55. Um (01) cartão de suporte de cartão MicroSim, da operadora ..., com a referência ..., agora em folha de suporte;
56. Um (01) cartão de suporte de cartão MicroSim, da operadora ..., com a referência ...;
Na posse de CC e de BB, foram encontrados diversos cartões multibanco, os quais não foram apreendidos, apenas fotografados, conforme imagens juntas à respetiva reportagem fotográfica.
Em suma:
Pelas 00H35, do dia ........2024, foi proceder à apreensão, dissimulada na carga de ananás e paletes de suporte, nomeadamente, por amostragem, 798 (setecentas e noventa e oito) placas de produto estupefaciente que se encontram acondicionadas no interior de 399 (trezentas e noventa e nove) ripas, apresentam um peso bruto, total e aproximado de 251,769 kg. (duzentos e cinquenta e um quilos e setecentos e sessenta e nove gramas).

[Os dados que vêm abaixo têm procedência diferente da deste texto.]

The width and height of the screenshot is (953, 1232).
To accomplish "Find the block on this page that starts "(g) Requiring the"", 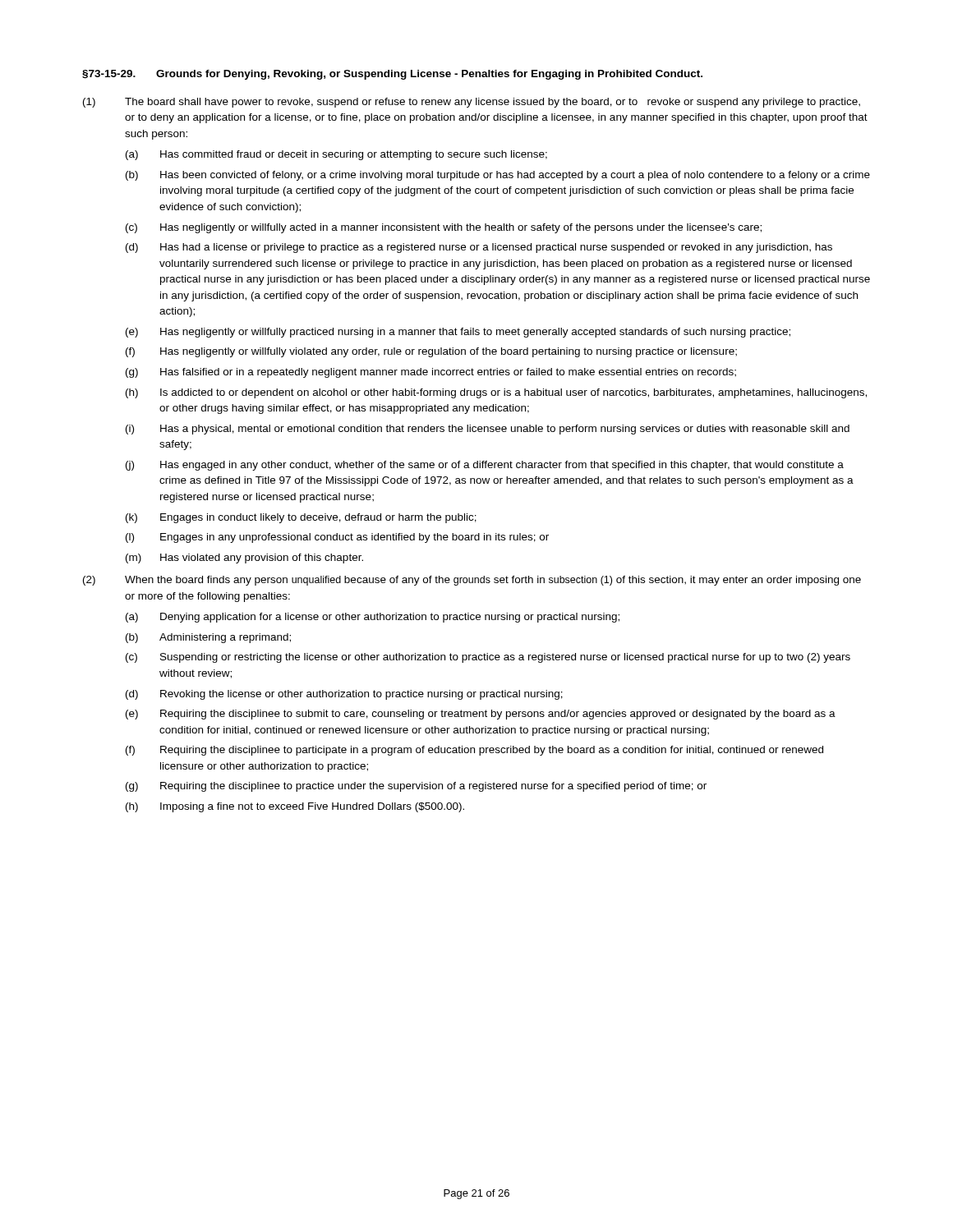I will click(498, 786).

Dada a complexidade técnica do exame pericial- uma vez que se trata de elevada quantidade, impregnada em material inerte- paletes de madeira, sendo difícil a respectiva extração, prevê-se que exista maior quantidade de cocaína, para além daquela que já foi possível extrair e quantificar.
Quanto à concreta situação dos quatro arguidos em Portugal, apurou-se o seguinte: BB:
Anteriormente à sua entrada em Portugal, efectuou três pedidos de visto de curta duração (dois a ... e um a ...) tendo sido todos recusados por não haver indicação clara de que regressaria ao seu país de origem dentro da validade do visto.
Viajou para Portugal aos .../.../2023 sem visto, tendo feito um pedido de proteção internacional no aeroporto de Lisboa na mesma data (o pedido de asilo).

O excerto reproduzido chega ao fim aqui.